◆ Exercise directions
Copy the data exactly as it appears, and do not include any pictures.

===== Exercise data =====

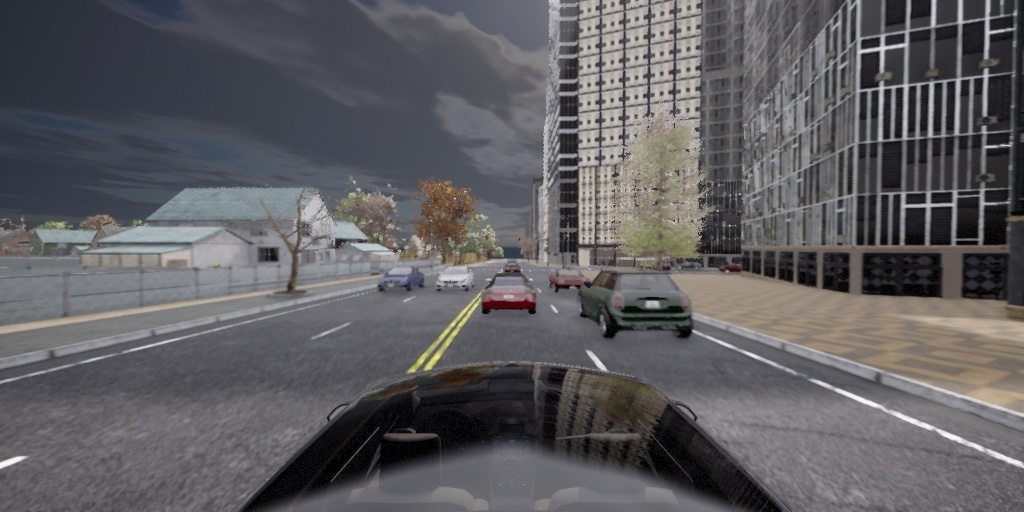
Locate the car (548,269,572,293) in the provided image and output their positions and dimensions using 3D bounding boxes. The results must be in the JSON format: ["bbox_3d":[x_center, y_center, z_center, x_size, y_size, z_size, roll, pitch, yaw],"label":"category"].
[{"bbox_3d":[3.243,1.418,21.471,1.895,1.301,4.718,0,0,0],"label":"car"}]

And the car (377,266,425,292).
[{"bbox_3d":[-6.604,1.344,21.908,1.812,1.442,4.674,0,0,0],"label":"car"}]

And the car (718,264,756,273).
[{"bbox_3d":[33.642,1.921,53.930,4.507,1.381,1.888,0,0,20],"label":"car"}]

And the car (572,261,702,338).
[{"bbox_3d":[3.247,1.131,10.407,2.097,1.767,4.553,0,0,0],"label":"car"}]

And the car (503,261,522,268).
[{"bbox_3d":[0.019,1.391,38.986,1.837,1.490,4.892,0,0,1],"label":"car"}]

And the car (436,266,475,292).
[{"bbox_3d":[-3.353,1.344,21.907,1.812,1.442,4.674,0,0,0],"label":"car"}]

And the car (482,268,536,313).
[{"bbox_3d":[-0.092,1.356,14.213,1.994,1.385,4.181,0,0,1],"label":"car"}]

=====

◆ Solution to the exercise
Locate the car (548,269,572,293) in the provided image and output their positions and dimensions using 3D bounding boxes. The results must be in the JSON format: ["bbox_3d":[x_center, y_center, z_center, x_size, y_size, z_size, roll, pitch, yaw],"label":"category"].
[{"bbox_3d":[3.243,1.418,21.471,1.895,1.301,4.718,0,0,0],"label":"car"}]

And the car (377,266,425,292).
[{"bbox_3d":[-6.604,1.344,21.908,1.812,1.442,4.674,0,0,0],"label":"car"}]

And the car (718,264,756,273).
[{"bbox_3d":[33.642,1.921,53.930,4.507,1.381,1.888,0,0,20],"label":"car"}]

And the car (572,261,702,338).
[{"bbox_3d":[3.247,1.131,10.407,2.097,1.767,4.553,0,0,0],"label":"car"}]

And the car (503,261,522,268).
[{"bbox_3d":[0.019,1.391,38.986,1.837,1.490,4.892,0,0,1],"label":"car"}]

And the car (436,266,475,292).
[{"bbox_3d":[-3.353,1.344,21.907,1.812,1.442,4.674,0,0,0],"label":"car"}]

And the car (482,268,536,313).
[{"bbox_3d":[-0.092,1.356,14.213,1.994,1.385,4.181,0,0,1],"label":"car"}]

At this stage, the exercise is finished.